ロジャースは、よい人生を送るためのプロセスの特徴として、次の5つを挙げています。

  • 経験に対してオープンである:これと真逆の状態が自己防御です。自分の声に耳を傾け、自分の中で起こっていることのありのままを受け止め、恐怖や落胆、痛みといった感情に対しても、オープンになることで、より完全に生きることができます。
  • その時その時の自分を受け入れる:私たちの多くは、自分の先入観に合うように経験をねじ曲げて解釈します。築き上げた自分の世界と現実が合致しないことにイライラします。しかし、先入観に合わせて経験を解釈するではなく、その逆に、自己や人格を経験から形づくっていくのです。経験をコントロールするのではなく、経験を受け入れるのです。
  • 自分のすべてを信頼する:多くの人は、組織や団体が定めたルールや、他人の判断、あるいは過去に自分がとった行動を頼りに行動します。しかし、このプロセスは、信頼できません。現在の状況には適合しない情報が含まれていたり、逆に、現在存在する情報が抜け落ちていたりするからです。自らの感情や反応に正直になって、自分の経験にオープンになり、「正しいと感じる」ことをすることが、有能で信頼できる行動のガイドラインになります。
  • 創造性:以上の説明から、人に創造性が必要というよりは、よい人生を送る人たちが創造的であることが明らかでしょう。
    よい人生を送る人は、自分の世界に対してオープンで、周囲と新しい関係を築く自分の能力を信頼しており、必ずしも自分が所属する文化に「適応」するわけではありませんが、環境や文化とのバランスを図りながら、新しい経験を繰り返し、建設的に生きていきます。
  • 充実した人生:良い人生には、私たちの多くが置かれている窮屈な生活よりも、より広範囲な生活が含まれます。このプロセスに参加することは、より多様に、より豊かに、より繊細に、より鮮明に生きることであり、時に恐ろしく、時に満足する体験に関わるということです。

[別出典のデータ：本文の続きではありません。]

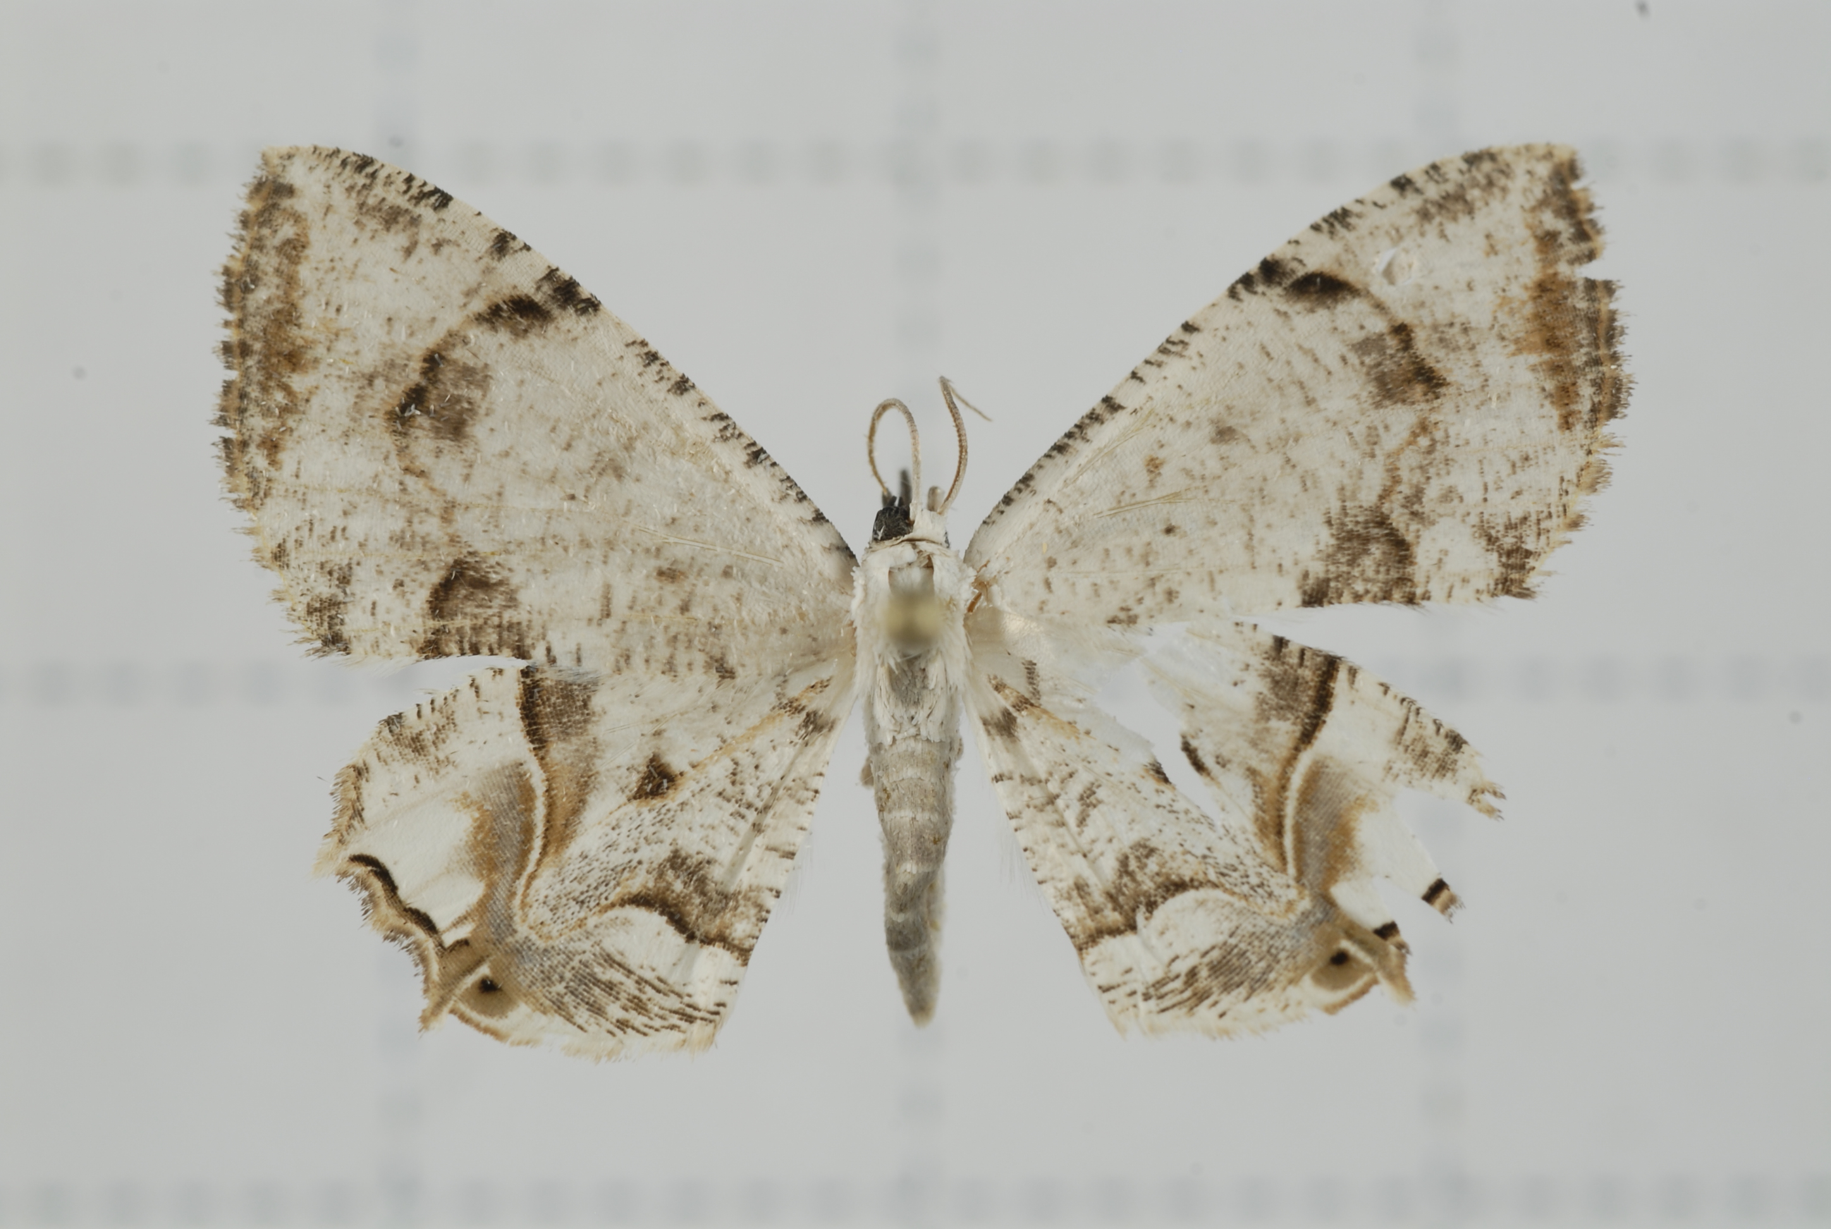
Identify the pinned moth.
Dysaethria cretacea
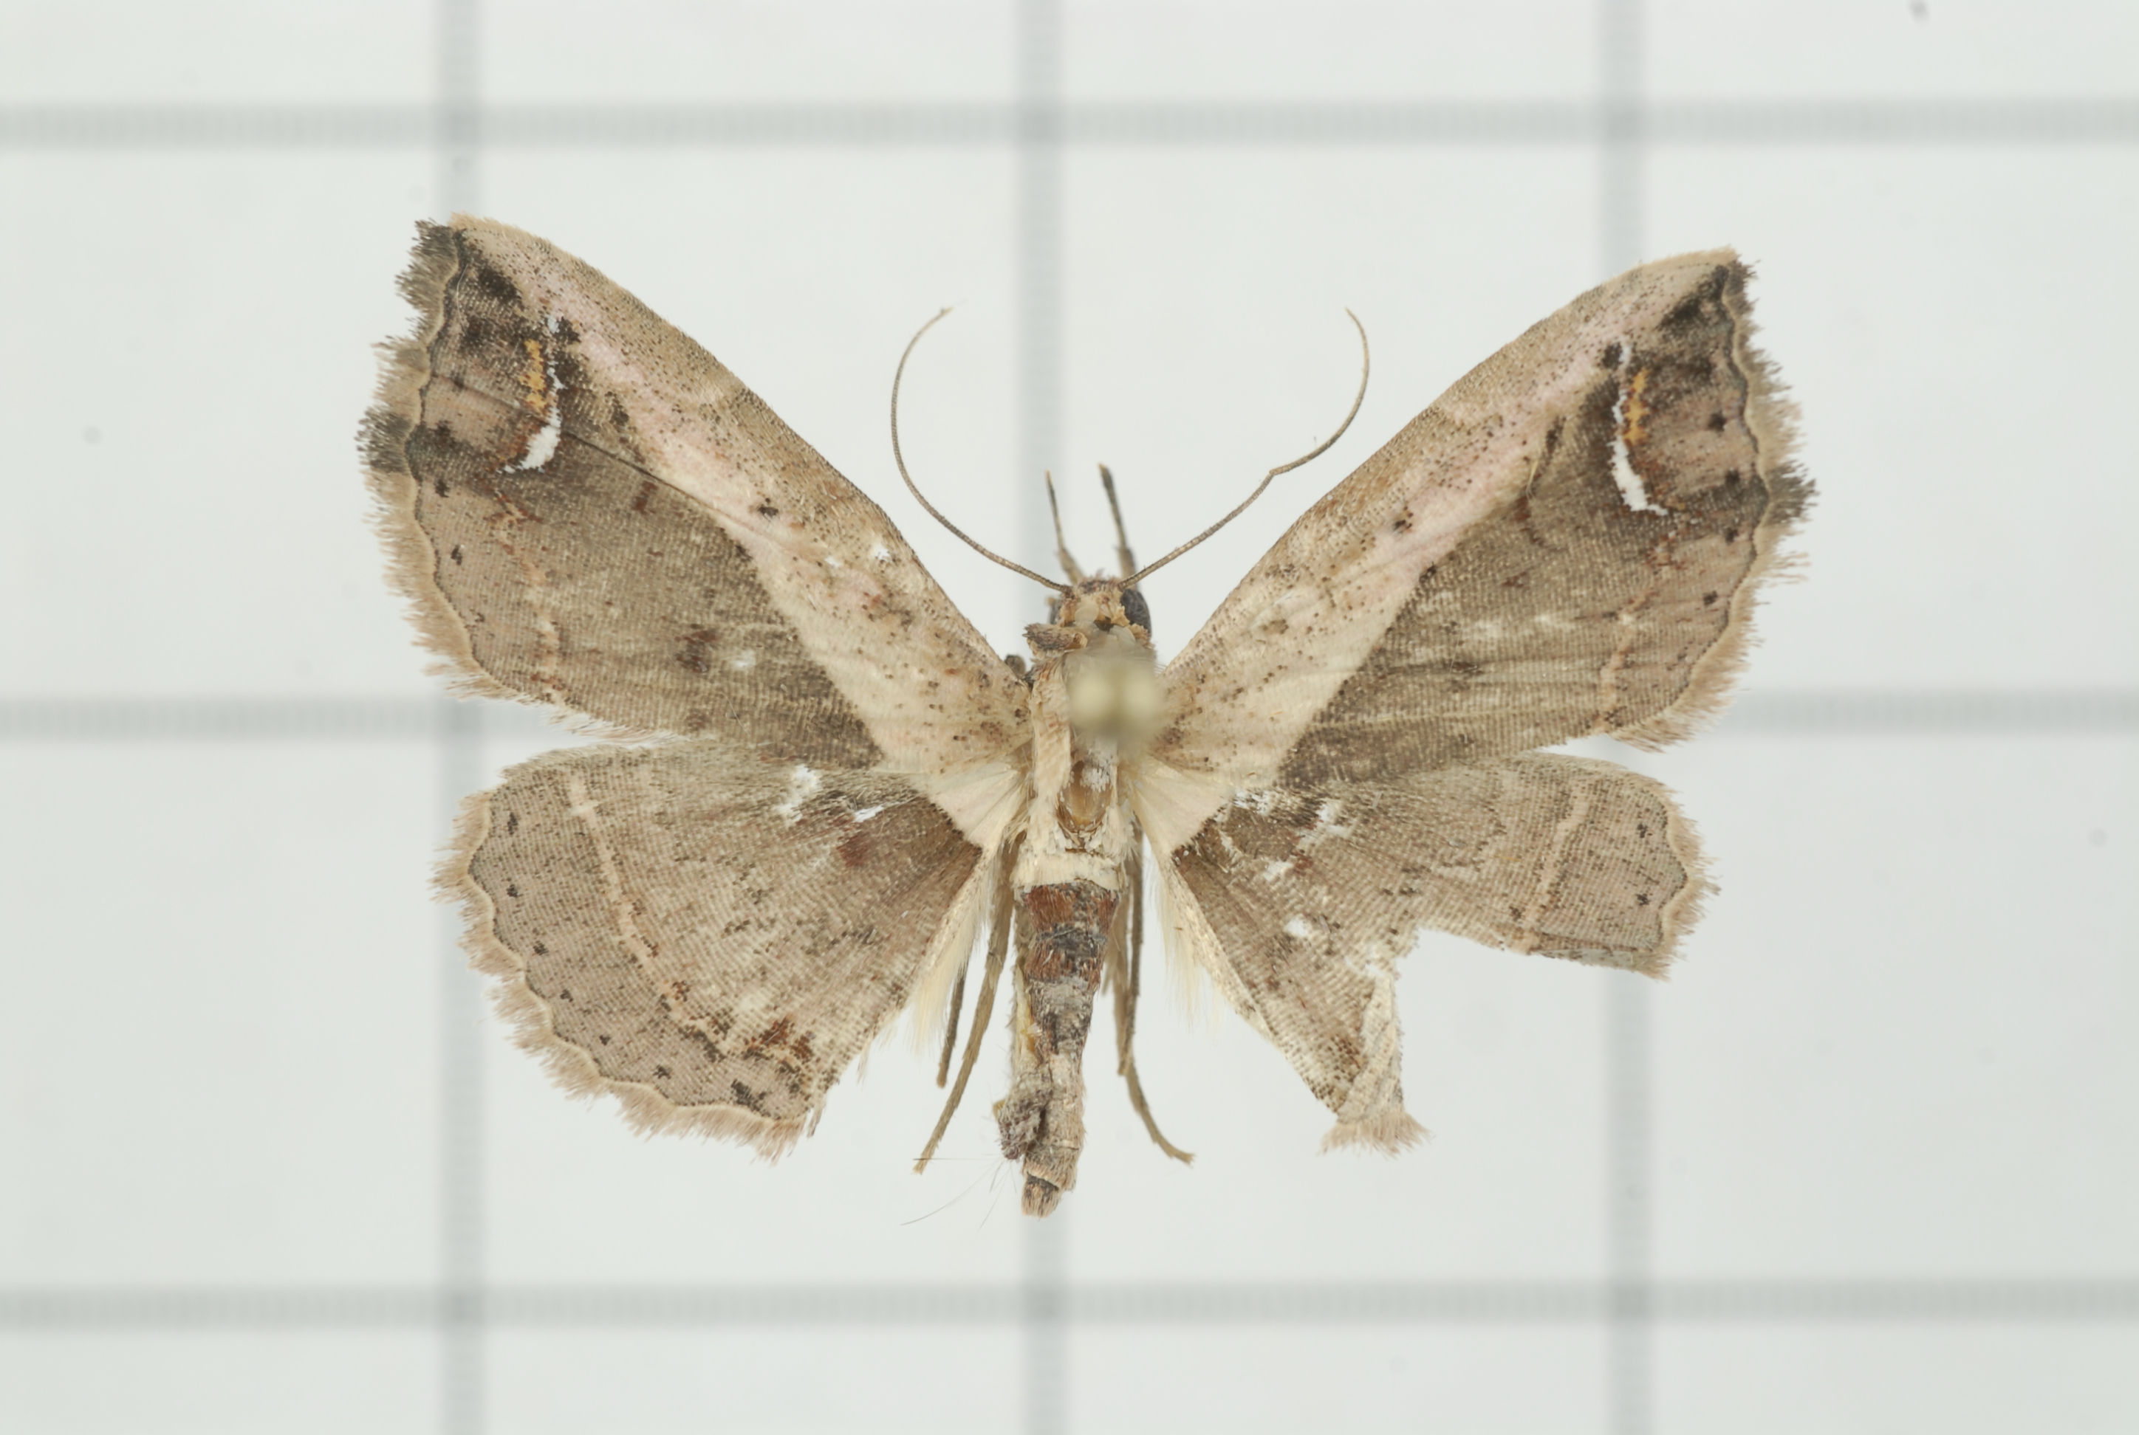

    そして、私たちがより広い範囲に渡ってよい人生を生きることができるのは、それを可能にする信頼できる道具は自分自身であるという根本的な自信があるからなのです。
    「良い人生」と呼ぶこのプロセスを表す言葉としては、幸せ、満足、至福、楽しいといった形容詞より、むしろ、豊かさ、興奮、やりがい、挑戦、意味といった形容詞の方が適切かもしれません。この「良い人生」のプロセスは、決して臆病な人たちには達成できません。自分の可能性をもっともっと引き伸ばし、人生の流れに身を投じ、成長する勇気を伴うプロセスだからです。人は、内なる自由を得たとき、このプロセスを「よい人生」として選択することができるのです。